Sahl Smbatean Eṙanshahik (, in Arabic sources: Sahl ibn Sunbat or Sahl ibn Sunbat al-Armaniyy; birthdate unknown – c. 855) was an Armenian prince of Arran and Shaki who played a considerable role in the history of the eastern Caucasus during the 9th century and was the ancestor of the House of Khachen established in 821.

Name
Armenian Smbatean or Arabic ibn Sunbat was Sahl's paternal name – Smbat is derived from the Pahlavi proper name Sunbādh "Sinbad".  "Mask" is the Arabic form of his name, Sahak.

Origins
Movses Kaghankatvatsi wrote that Sahl Smbatyan was a descendant of the ancient Armenian House of Aranshahik (itself a branch of the Syunid dynasty). This dynasty had a blood feud with the Mihranid dynasty,. According to tradition, in the beginning of the 7th century the Mihranids had invited 60 men of the Aranshahiks to a banquet and had killed them all, with the exception of Zarmihr Aranshahik, who had married a Mihranid princess.

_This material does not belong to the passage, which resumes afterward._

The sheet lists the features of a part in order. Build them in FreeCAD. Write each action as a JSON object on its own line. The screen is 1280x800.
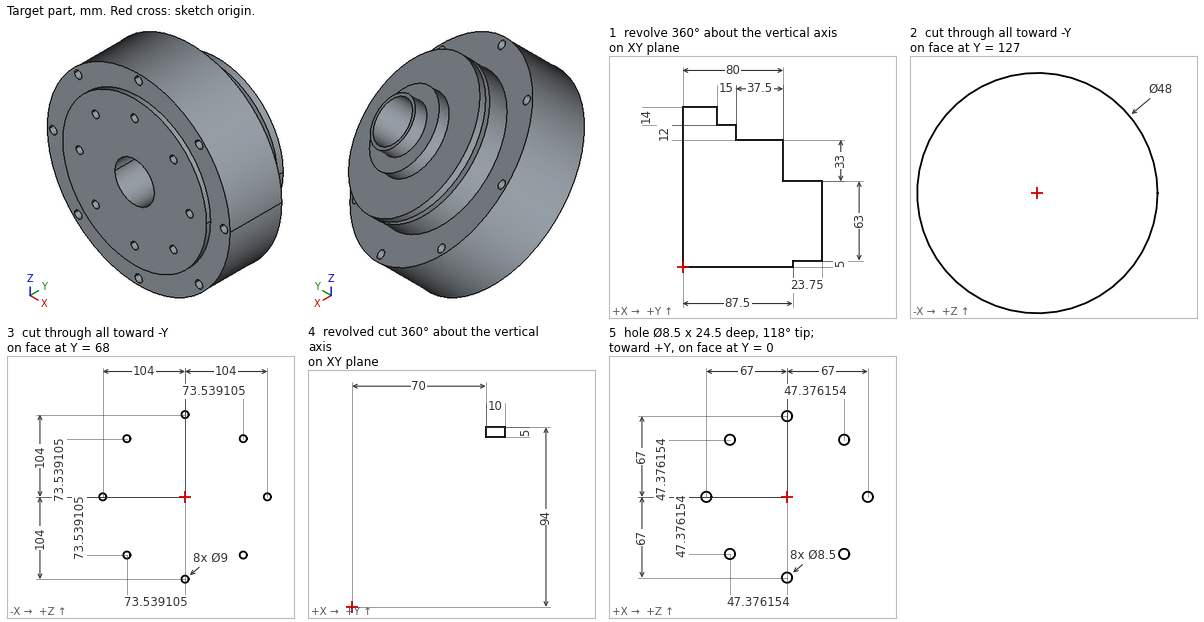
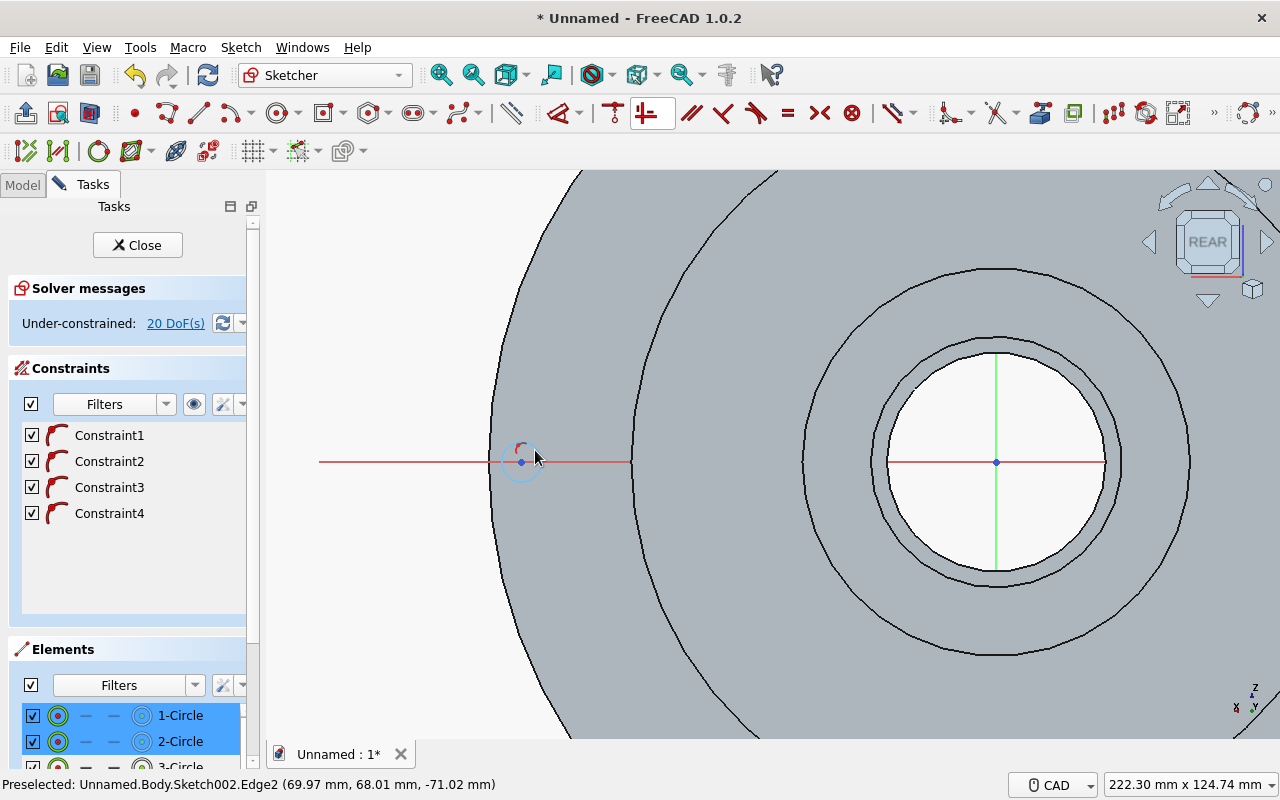
{"action": "left_click", "coordinate": [536, 448]}

Hence the Mihranid family had become princes of Gardman and presiding princes of all Caucasian Albania. Sahl Smbatean was a descendant of Zarmihr Aranshahik.

Hence the House of Khachen is regarded as a cadet branch of the House of Aranshahik. Although some historians make a difference between Sahl of Shaki and Sahak of Syunik. According to the historian Robert H. Hewsen, Sahl was a Syunid prince, who seized Gegharkunik from Syunid family domains and established a princedom for himself.

When Sahl came to power, the Mihranid family's power was already weakening. In 822 the last heir of this family, princess Spram Mihranian, married Sahl's son Atrnerseh I in the fortress of Khachen. Subsequently, the new princedom expanded to the east and included Artsakh and Gardman.

Reign
In Armenian sources, Sahl Smbatean and his brothers are remembered for their successful battles against enemy invaders in the mountains of Artsakh. The earliest known clash between Sahl and the Arab army took place in 822, when the latter invaded the canton of Amaras. The Arab rule in the region was substantially weakened due to the revolt of Babak Khorramdin in Iranian Azerbaijan (822-837). Babak married the daughter of Vasak, Prince of Syunik, and fought with him against the Islamic conquest of Persia. However, after the death of Vasak (in 822), Babak tried to dominate Syunik and Artsakh, and in 826-831 committed atrocities against the revolted Armenians of Balk, Gegharkunik and Lachin (the three cantons of Syunik). In that account, Babak was described as "the murderous, world-ravaging, bloodthirsty beast" by the Armenian historiographer Movses Kaghankatvatsi. The Armenians continued the struggle against Babak in the cantons of Artsakh.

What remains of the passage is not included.